À ce jour, sous la présidence de von der Leyen, l’excédent céréalier de l’UE a été réduit de moitié, tandis que 4 millions d’hectares de céréales ont disparu. Les importations de blé ont été multipliées par 2,4 entre 2019 et 2023, tandis que les exportations de maïs de l’UE se sont effondrées de 48 % depuis 2019. Le secteur de l’élevage a perdu plus de 26 millions de têtes depuis 2019 ; l’excédent commercial de l’UE dans le secteur de la viande a diminué de 26 % depuis 2019, passant de 6,5 à 4,8 millions de tonnes. L’Europe a perdu 1,37 million d’exploitants agricoles familiaux, soit un cinquième du total. Les coûts des engrais ont atteint des niveaux historiques : en avril 2026, les prix de l’azote étaient supérieurs de 71 % à leur moyenne de 2024, tandis que les prix des engrais dans l’UE ont encore augmenté de 13,4 % sur un an au deuxième trimestre 2026, alors que les prix à la production agricole ont diminué de 5,8 %, selon la dernière note sectorielle d’Eurostat. La concurrence déloyale s’est accentuée. Dans l’ensemble, les importations agroalimentaires de l’UE augmentent près de six fois plus rapidement que les exportations. La dépendance protéique s’est encore accrue, atteignant un niveau record de 62,3 millions de tonnes d’importations nettes d’oléagineux et de matières destinées à l’alimentation animale, contre 58,9 millions de tonnes en 2019 — les seules importations de tourteaux de soja atteignant 41,7 millions de tonnes, soit 21 % de plus qu’en 2019.

Les atouts potentiels et la capacité d’investissement de l’agriculture européenne restent en suspens, y compris dans le domaine de la bioéconomie.

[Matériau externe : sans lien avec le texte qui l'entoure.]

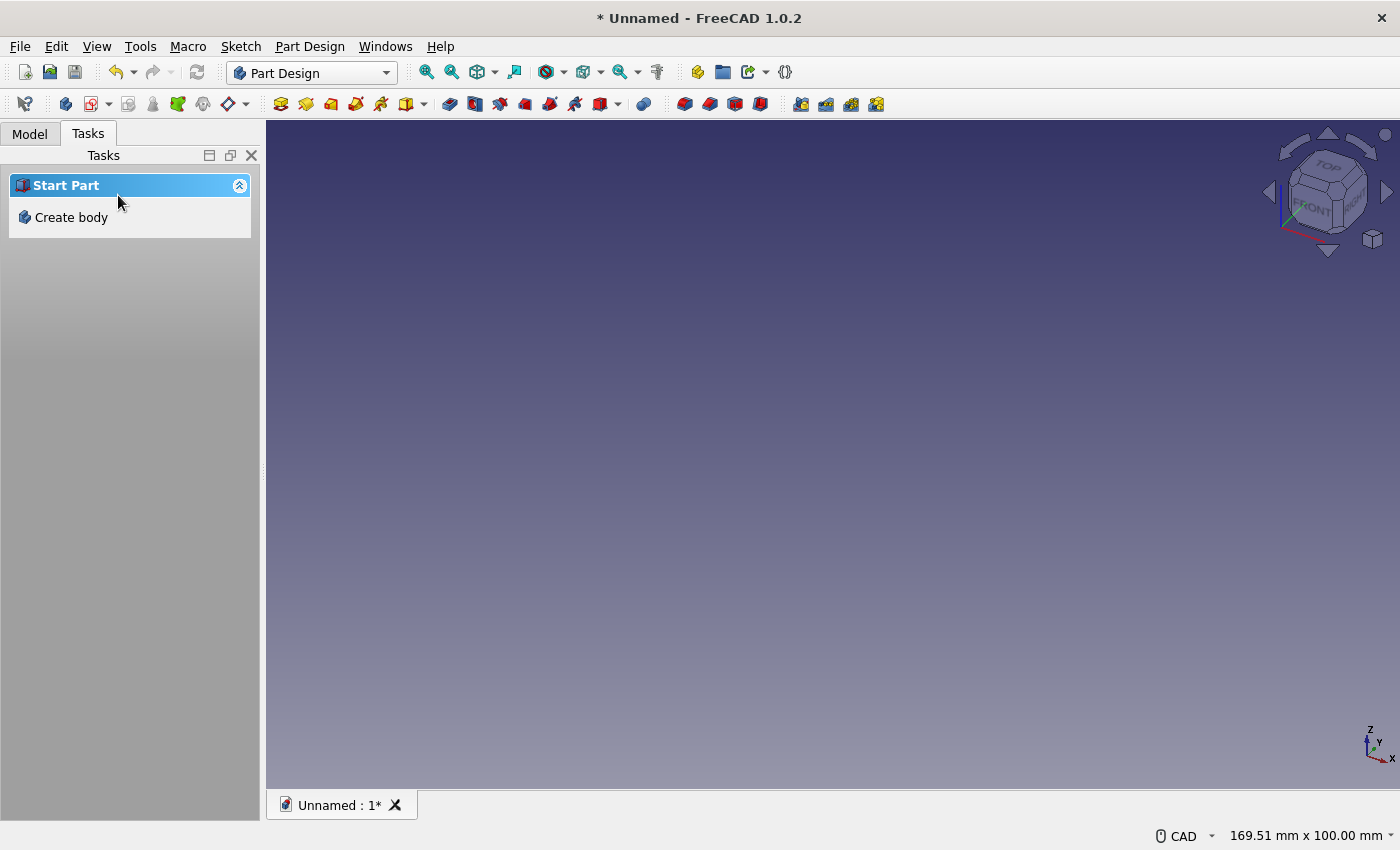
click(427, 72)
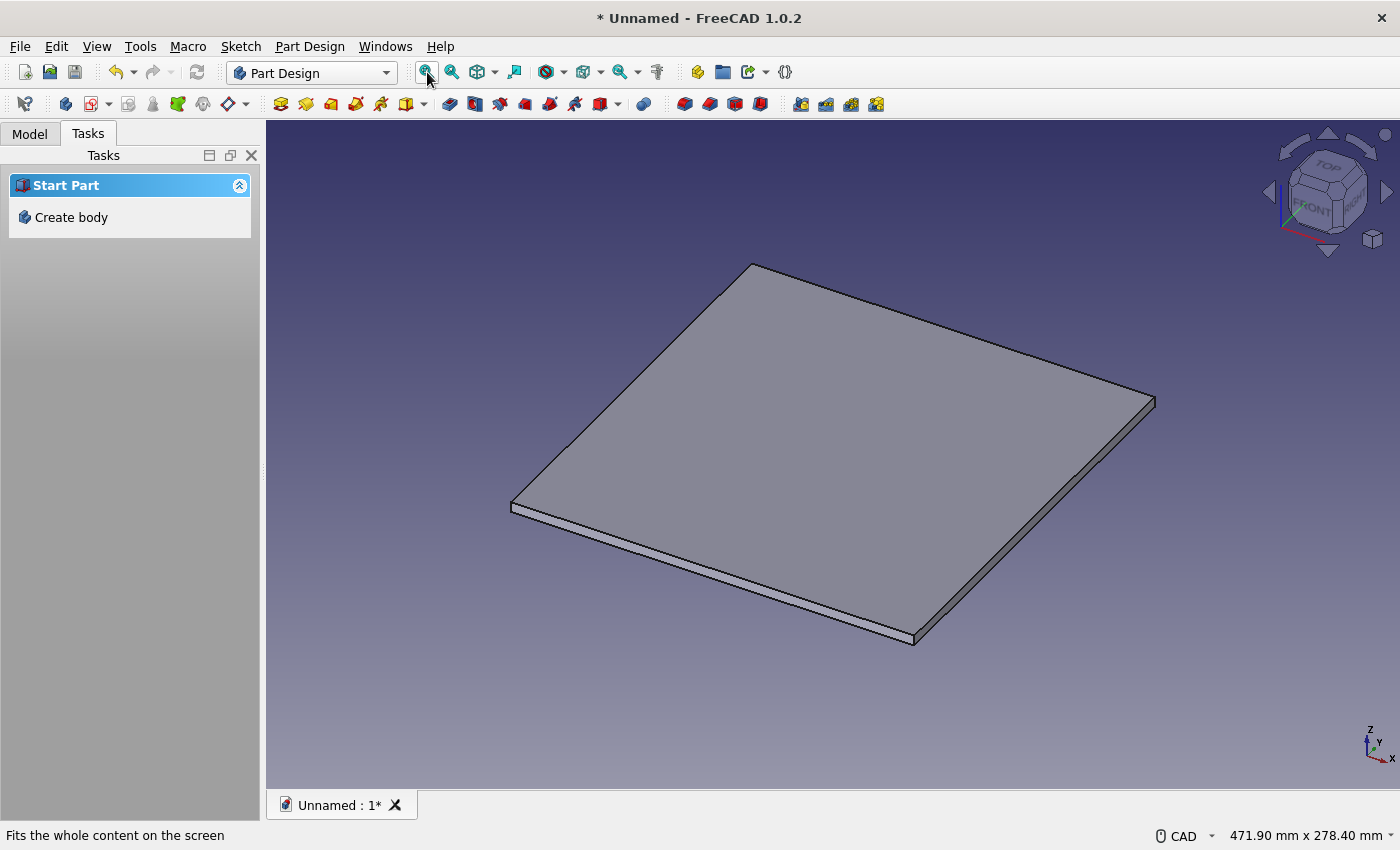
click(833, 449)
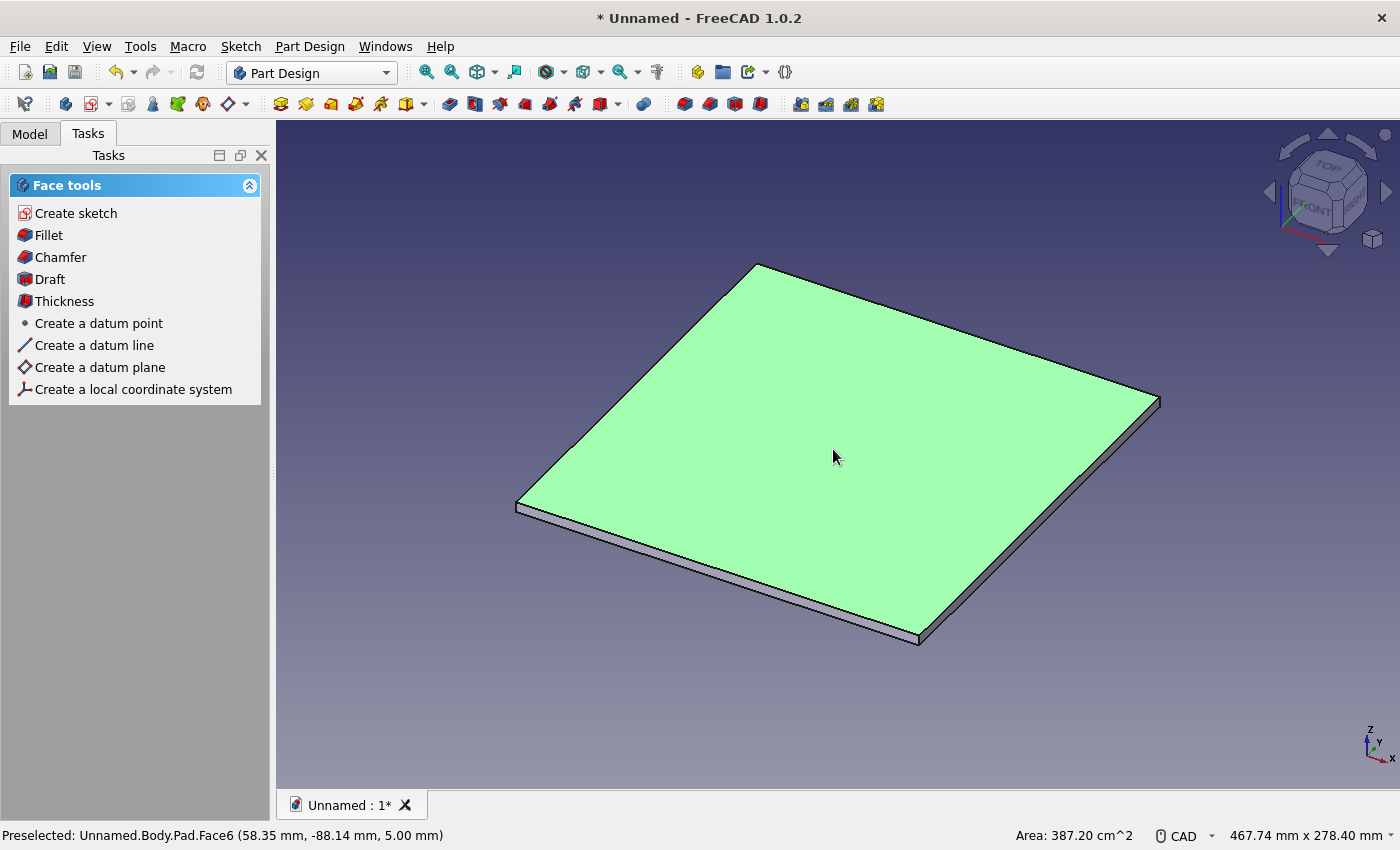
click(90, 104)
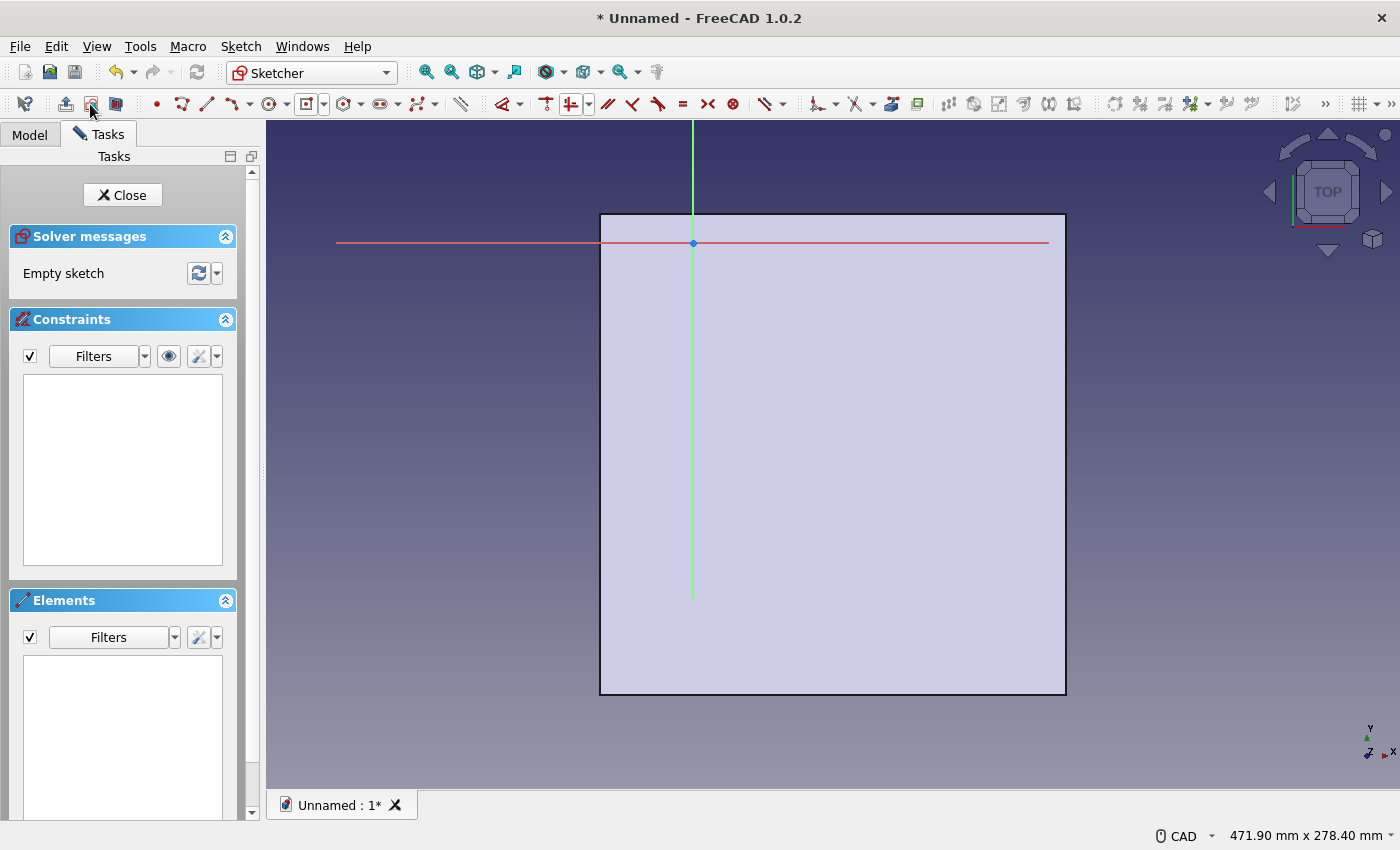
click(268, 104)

En matière de biocarburants et de biométhane, où les agriculteurs peuvent contribuer à façonner une économie neutre en carbone, le potentiel de l’agriculture reste bloqué par des postures idéologiques et par une compréhension insuffisante, au sein de la Commission européenne, des moteurs économiques et de la réalité des chaînes de valeur agricoles capables de répondre simultanément aux besoins de plusieurs marchés. Le résultat est une substitution des dépendances plutôt que leur réduction.

Sur la scène internationale, la Commission européenne a multiplié les accords commerciaux, l’agriculture servant le plus souvent de variable d’ajustement des négociations — notamment à travers le traité déséquilibré conclu avec les États-Unis, qui engage l’UE à acheter pour 750 milliards de dollars d’énergie américaine et à investir 600 milliards de dollars, en échange d’un plafond tarifaire de 15 %. Il s’agit d’un coup porté au projet européen et à sa capacité à démontrer qu’elle protège ses citoyens et ses acteurs économiques, y compris les agriculteurs.

Au-delà du marketing et des effets d’annonce, les agriculteurs ont de toute urgence besoin d’une Europe forte, fondée sur une approche commune — et non de la poursuite d’une trajectoire politique qui conduit à une fragmentation des marchés, à une concurrence interne au sein du marché unique et à l’absence de conditions de concurrence équitables, sous couvert de flexibilité et d’approches fondées sur le « chacun pour soi ». Cette situation est d’autant plus préoccupante que la Commission propose de sanctuariser seulement 300 milliards d’euros pour le prochain budget à long terme — soit une réduction de plus de 20 % — et que la disparition de la PAC en tant que ligne budgétaire propre compromet davantage encore sa visibilité et la prévisibilité dont ont besoin les agriculteurs européens et leurs chaînes de valeur.

Par conséquent, Farm Europe appelle à repositionner l’agriculture, ainsi que la politique agricole, à la place qui leur revient dans le projet européen, afin de libérer leur véritable potentiel comme levier d’une Europe véritablement souveraine dans de nombreux domaines — car ce secteur est essentiel non seulement à la sécurité alimentaire et à la santé des citoyens européens, mais également à des chaînes de valeur stratégiques, notamment dans l’énergie, la chimie et l’ensemble des composantes essentielles d’une économie neutre en carbone.